From left to right: Dr Matthew Cove, Senior Consultant, Yong Loo Lin School of Medicine, National University of Singapore (NUS Medicine), Professor John Abisheganaden, Senior Consultant, Tan Tock Seng Hospital; Director, NHG Health Services & Outcomes Research, Associate Professor Sanjay Chotirmall, Vice-Dean Research, Lee Kong Chian School of Medicine, Nanyang Technological University, Assistant Professor Tiew Pei Yee, Senior Consultant, Department of Respiratory & Critical Care Medicine, Singapore General Hospital, and Associate Professor Chew Fook Tim, Vice-Dean, Faculty of Science, NUS. Photo: NTU Singapore

As a key partner in the Academic Respiratory Initiative for Pulmonary Health (TARIPH) Centre’s multi-institutional research programme, NUS Medicine at the forefront of crucial lung health studies, supported by Singapore’s first national research grant for respiratory health.

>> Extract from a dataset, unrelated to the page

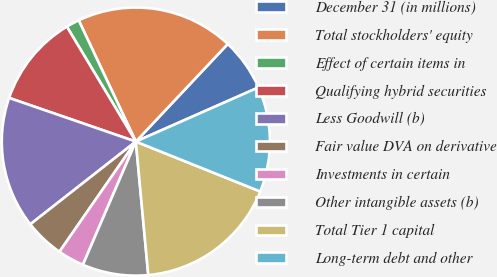Convert chart. <chart><loc_0><loc_0><loc_500><loc_500><pie_chart><fcel>December 31 (in millions)<fcel>Total stockholders' equity<fcel>Effect of certain items in<fcel>Qualifying hybrid securities<fcel>Less Goodwill (b)<fcel>Fair value DVA on derivative<fcel>Investments in certain<fcel>Other intangible assets (b)<fcel>Total Tier 1 capital<fcel>Long-term debt and other<nl><fcel>6.36%<fcel>19.03%<fcel>1.6%<fcel>11.11%<fcel>15.86%<fcel>4.77%<fcel>3.19%<fcel>7.94%<fcel>17.45%<fcel>12.69%<nl></chart> 
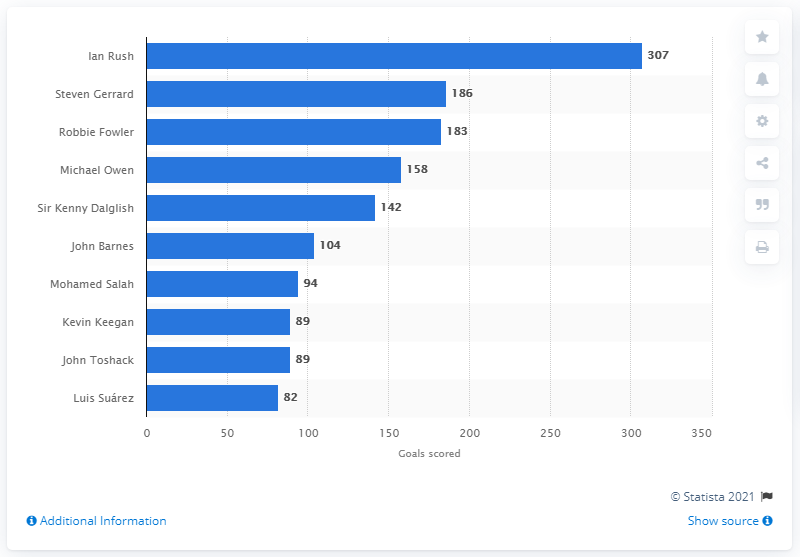Mention a couple of crucial points in this snapshot. As of July 2020, Steven Gerrard was the leading goal scorer for Liverpool FC. As of July 2020, Ian Rush had scored a total of 307 goals for Liverpool FC.

This massive collaboration, involving nine organisations, focuses on the unique needs of the Asian population, encompassing health, environmental, social and cultural factors.

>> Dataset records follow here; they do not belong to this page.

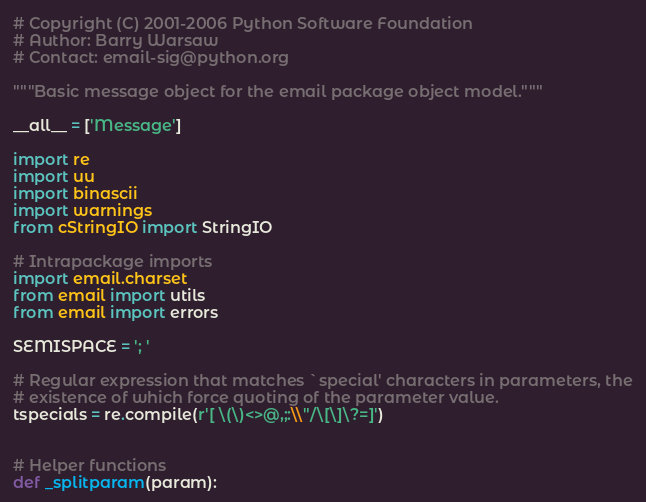Convert code to text. <code><loc_0><loc_0><loc_500><loc_500><_Python_># Copyright (C) 2001-2006 Python Software Foundation
# Author: Barry Warsaw
# Contact: email-sig@python.org

"""Basic message object for the email package object model."""

__all__ = ['Message']

import re
import uu
import binascii
import warnings
from cStringIO import StringIO

# Intrapackage imports
import email.charset
from email import utils
from email import errors

SEMISPACE = '; '

# Regular expression that matches `special' characters in parameters, the
# existence of which force quoting of the parameter value.
tspecials = re.compile(r'[ \(\)<>@,;:\\"/\[\]\?=]')


# Helper functions
def _splitparam(param):</code>

The goal? To build effective national and regional strategies for improving Singapore’s lung health, and to develop personalised treatments for chronic lung diseases like asthma and Chronic Obstructive Pulmonary Disease (COPD), amid an era of climate change and a rapidly ageing population.

From left to right: Dr Cove, Asst Prof  Tiew and Assoc Prof Chotirmall. Photo: NTU Singapore

One of the groundbreaking projects in this programme involves growing human-like lungs in the lab. Professor Wang De Yun and Associate Professor Thai Tran from NUS Medicine, together with Associate Professor Sanjay Chotirmall (Lee Kong Chian School of Medicine, NTU), are spearheading the creation of a national repository of cellular models that closely replicate human lung function.

Using advanced techniques and Precision Cut Lung Slices (PCLS) to cultivate these lungs-in-a-dish, these lab-grown organoids let researchers study lung diseases, screen drugs, and test new treatments on models that mimic real lungs.

This allows us to better understand respiratory conditions and formulate more effective, tailored therapies.